■ **Listed records**:
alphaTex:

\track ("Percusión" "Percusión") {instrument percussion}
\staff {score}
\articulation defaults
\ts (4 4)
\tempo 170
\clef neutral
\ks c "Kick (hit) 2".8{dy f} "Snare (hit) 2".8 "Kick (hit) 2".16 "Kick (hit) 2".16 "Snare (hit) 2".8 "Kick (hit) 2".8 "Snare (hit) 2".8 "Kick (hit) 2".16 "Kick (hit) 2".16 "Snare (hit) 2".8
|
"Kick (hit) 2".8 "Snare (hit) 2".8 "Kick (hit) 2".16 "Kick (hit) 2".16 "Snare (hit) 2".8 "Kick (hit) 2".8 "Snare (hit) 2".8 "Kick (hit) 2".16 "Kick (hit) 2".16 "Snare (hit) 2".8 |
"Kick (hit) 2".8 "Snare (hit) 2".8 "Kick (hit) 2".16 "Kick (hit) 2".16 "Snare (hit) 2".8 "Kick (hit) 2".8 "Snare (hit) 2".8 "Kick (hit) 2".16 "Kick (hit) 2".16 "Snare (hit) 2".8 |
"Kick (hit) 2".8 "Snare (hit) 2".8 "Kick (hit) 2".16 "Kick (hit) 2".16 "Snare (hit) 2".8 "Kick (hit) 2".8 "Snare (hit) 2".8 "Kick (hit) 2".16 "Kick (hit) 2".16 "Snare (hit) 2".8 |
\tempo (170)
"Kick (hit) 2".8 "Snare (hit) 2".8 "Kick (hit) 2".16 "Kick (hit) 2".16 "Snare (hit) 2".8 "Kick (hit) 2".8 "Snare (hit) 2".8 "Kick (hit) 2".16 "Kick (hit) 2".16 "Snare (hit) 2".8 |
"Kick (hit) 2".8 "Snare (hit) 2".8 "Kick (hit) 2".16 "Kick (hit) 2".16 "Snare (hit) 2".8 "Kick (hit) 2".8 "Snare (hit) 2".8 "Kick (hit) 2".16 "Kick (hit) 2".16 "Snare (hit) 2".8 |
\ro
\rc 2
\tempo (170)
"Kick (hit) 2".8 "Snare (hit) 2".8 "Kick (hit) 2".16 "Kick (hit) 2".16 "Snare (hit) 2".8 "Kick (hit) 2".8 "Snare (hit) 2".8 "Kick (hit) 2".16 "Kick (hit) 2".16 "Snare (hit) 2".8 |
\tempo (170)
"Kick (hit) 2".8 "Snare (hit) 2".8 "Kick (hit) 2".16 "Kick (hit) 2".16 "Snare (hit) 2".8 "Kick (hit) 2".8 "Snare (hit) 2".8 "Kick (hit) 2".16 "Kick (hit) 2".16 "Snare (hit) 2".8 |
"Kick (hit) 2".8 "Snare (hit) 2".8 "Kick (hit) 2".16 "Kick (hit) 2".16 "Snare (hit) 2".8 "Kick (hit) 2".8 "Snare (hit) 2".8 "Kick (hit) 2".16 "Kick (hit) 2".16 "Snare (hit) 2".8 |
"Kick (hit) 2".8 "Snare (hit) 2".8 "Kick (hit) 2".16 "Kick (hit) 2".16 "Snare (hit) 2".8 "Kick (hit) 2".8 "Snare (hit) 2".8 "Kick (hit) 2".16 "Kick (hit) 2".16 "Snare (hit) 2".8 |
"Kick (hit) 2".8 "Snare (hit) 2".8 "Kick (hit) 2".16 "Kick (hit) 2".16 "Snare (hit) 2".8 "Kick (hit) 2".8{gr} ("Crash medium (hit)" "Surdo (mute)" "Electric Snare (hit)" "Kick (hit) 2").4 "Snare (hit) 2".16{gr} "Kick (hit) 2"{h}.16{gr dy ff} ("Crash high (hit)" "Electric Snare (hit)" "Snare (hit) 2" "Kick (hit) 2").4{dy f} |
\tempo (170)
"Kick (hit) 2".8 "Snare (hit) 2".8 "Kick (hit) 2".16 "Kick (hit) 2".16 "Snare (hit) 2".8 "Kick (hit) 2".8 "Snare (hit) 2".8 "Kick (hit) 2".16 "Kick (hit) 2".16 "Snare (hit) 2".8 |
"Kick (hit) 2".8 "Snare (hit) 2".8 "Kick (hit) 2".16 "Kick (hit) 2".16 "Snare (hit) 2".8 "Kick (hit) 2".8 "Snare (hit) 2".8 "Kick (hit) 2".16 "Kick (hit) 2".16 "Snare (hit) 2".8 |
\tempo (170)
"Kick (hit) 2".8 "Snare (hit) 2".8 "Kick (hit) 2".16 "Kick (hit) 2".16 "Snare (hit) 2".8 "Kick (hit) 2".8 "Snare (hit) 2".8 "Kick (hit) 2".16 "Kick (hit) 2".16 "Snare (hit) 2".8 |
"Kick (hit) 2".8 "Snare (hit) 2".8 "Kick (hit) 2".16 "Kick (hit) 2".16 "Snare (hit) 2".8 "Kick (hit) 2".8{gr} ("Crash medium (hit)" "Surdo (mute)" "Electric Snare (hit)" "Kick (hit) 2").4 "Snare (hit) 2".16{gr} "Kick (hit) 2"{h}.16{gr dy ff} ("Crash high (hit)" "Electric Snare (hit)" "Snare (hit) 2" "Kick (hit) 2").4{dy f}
--
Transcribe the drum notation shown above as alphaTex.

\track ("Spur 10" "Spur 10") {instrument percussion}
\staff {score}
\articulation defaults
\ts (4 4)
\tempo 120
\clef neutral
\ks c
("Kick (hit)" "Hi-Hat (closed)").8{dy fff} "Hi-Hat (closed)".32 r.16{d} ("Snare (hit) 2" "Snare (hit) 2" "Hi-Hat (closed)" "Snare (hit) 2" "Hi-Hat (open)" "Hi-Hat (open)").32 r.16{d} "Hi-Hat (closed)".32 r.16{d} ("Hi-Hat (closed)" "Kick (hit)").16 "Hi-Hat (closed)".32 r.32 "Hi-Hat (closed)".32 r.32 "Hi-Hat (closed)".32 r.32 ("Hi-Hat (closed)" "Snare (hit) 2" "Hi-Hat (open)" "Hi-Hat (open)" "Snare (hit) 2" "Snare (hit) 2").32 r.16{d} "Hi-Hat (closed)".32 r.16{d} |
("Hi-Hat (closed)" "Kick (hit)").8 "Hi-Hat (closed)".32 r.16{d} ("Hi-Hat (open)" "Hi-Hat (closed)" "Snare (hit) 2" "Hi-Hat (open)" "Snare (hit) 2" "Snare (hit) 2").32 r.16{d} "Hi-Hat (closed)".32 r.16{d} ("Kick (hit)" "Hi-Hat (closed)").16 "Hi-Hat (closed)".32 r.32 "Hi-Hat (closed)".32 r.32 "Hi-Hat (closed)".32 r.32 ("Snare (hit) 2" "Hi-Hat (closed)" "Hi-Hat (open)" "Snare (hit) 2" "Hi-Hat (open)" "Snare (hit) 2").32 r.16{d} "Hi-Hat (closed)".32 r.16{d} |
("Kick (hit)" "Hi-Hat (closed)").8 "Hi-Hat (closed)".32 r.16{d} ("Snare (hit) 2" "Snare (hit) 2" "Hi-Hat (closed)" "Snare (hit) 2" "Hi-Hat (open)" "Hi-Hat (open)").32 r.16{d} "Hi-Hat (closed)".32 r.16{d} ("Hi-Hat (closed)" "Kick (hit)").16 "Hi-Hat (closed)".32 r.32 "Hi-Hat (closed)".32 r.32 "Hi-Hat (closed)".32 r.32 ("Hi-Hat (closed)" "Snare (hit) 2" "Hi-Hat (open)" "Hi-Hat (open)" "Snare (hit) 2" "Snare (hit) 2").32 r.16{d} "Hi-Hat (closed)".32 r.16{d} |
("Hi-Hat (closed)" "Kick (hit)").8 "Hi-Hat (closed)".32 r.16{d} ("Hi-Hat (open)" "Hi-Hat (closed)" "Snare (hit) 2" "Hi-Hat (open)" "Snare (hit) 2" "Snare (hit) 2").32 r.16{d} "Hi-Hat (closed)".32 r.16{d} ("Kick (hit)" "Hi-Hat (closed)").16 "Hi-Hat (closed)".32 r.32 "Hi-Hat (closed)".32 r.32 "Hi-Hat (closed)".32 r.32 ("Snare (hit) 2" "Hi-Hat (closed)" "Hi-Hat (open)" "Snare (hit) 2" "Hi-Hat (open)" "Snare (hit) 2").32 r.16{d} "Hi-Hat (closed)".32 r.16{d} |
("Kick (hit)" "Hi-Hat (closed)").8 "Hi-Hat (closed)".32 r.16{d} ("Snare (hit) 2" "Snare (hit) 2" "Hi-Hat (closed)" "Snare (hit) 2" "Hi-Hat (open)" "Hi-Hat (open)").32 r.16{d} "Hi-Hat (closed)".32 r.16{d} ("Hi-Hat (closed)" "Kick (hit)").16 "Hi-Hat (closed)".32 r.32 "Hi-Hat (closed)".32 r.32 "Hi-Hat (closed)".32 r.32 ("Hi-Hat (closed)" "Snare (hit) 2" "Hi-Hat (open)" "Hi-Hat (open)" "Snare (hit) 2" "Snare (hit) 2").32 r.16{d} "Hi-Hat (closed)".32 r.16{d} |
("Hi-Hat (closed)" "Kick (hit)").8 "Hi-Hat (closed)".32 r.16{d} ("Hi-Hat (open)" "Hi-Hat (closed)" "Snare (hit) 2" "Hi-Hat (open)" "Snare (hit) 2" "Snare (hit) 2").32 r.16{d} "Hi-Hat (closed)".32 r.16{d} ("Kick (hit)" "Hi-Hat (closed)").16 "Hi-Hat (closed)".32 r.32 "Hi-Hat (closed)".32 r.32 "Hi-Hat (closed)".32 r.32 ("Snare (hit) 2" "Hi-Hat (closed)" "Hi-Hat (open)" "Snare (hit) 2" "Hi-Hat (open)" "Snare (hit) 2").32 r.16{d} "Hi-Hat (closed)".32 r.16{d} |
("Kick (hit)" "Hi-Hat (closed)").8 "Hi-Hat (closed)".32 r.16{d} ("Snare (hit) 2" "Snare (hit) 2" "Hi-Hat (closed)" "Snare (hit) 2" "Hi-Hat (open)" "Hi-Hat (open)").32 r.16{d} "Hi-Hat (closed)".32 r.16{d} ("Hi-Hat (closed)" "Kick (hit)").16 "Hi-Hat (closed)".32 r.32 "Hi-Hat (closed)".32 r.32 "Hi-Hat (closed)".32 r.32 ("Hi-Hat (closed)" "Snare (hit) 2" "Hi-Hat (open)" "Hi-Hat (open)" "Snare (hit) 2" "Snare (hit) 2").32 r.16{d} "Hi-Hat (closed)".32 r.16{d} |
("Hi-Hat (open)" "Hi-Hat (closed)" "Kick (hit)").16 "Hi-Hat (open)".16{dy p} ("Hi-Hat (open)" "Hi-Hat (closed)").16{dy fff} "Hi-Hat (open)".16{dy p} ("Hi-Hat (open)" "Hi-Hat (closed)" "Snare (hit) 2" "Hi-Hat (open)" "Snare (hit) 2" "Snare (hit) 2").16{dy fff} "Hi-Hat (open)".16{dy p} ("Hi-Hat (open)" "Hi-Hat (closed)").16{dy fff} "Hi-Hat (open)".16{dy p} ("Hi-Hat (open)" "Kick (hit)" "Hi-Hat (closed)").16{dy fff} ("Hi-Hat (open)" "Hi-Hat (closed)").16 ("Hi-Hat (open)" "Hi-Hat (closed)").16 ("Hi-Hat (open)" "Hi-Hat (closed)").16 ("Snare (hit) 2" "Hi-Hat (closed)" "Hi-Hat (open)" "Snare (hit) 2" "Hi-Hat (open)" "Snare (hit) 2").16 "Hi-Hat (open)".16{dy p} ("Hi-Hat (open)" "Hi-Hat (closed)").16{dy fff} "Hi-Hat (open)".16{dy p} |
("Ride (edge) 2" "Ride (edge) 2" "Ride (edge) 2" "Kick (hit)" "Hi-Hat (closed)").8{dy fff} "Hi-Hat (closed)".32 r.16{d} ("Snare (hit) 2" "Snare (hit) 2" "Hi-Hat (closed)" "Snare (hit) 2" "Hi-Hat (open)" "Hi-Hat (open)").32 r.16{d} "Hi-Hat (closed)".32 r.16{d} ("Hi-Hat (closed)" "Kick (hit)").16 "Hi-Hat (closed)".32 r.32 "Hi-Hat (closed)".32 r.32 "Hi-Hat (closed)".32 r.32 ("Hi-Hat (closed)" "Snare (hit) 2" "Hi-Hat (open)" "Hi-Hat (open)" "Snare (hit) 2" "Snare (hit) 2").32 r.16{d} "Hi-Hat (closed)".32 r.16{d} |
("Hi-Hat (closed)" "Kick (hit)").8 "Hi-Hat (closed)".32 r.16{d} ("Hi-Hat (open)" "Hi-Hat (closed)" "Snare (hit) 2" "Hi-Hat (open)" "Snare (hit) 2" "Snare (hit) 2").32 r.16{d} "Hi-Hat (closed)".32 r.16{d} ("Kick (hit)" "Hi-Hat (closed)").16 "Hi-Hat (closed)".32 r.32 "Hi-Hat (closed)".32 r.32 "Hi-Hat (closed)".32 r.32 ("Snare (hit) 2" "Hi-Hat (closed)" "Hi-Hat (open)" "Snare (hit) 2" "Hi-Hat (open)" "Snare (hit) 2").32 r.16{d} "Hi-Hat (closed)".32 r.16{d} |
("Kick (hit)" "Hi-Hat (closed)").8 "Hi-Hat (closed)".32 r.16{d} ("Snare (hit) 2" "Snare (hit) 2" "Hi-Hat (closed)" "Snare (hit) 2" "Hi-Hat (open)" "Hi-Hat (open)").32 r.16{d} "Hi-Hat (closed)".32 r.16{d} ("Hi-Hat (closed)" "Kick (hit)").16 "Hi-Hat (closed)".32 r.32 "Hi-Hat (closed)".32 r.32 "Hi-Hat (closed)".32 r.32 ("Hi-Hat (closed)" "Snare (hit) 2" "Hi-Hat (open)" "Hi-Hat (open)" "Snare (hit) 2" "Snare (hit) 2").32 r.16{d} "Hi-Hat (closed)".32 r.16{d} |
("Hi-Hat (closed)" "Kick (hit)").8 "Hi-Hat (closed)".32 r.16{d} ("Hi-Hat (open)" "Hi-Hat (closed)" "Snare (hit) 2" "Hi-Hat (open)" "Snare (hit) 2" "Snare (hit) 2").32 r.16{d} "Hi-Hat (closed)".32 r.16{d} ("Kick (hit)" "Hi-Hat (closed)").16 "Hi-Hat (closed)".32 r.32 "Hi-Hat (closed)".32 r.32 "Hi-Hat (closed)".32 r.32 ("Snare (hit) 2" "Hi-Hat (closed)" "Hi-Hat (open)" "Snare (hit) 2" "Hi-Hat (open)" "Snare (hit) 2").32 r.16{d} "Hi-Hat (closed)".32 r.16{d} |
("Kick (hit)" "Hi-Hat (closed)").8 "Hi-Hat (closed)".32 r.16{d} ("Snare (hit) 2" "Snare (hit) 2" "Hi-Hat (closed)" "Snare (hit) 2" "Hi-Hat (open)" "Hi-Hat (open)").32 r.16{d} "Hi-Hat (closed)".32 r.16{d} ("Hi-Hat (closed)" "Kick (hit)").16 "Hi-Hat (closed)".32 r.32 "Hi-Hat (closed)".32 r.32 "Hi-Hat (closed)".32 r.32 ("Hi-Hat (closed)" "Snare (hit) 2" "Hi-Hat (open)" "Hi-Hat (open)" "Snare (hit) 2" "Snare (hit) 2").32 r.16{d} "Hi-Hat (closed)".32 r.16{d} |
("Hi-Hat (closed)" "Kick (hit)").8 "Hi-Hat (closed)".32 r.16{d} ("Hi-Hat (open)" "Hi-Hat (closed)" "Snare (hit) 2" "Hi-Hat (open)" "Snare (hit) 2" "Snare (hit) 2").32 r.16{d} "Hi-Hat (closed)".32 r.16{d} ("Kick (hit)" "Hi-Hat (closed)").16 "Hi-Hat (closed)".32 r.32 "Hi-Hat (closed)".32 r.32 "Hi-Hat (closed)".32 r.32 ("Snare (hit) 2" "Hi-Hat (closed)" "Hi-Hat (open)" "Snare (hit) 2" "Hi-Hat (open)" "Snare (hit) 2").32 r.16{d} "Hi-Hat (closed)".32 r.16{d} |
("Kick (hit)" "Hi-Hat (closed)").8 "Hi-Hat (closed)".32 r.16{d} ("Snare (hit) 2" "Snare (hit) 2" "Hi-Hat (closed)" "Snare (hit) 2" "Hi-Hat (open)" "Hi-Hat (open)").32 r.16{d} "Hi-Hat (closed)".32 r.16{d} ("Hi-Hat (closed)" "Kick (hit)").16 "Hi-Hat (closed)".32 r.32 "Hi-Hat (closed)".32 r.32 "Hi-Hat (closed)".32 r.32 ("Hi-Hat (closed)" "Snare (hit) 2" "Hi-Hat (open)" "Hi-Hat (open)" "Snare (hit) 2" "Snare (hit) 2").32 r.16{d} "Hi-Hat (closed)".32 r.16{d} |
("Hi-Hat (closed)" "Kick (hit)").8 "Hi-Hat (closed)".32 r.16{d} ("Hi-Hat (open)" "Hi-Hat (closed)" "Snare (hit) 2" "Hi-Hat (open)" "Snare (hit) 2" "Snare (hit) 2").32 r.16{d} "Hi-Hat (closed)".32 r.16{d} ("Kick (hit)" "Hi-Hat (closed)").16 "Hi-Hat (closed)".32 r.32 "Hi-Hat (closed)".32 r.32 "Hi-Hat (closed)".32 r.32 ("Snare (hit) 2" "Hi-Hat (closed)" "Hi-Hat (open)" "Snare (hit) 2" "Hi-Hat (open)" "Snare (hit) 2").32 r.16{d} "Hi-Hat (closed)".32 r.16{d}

■ **Requirement**:
Using the material above, state how many lines include the string "track". Answer with a single number.

■ **Finished task**:
2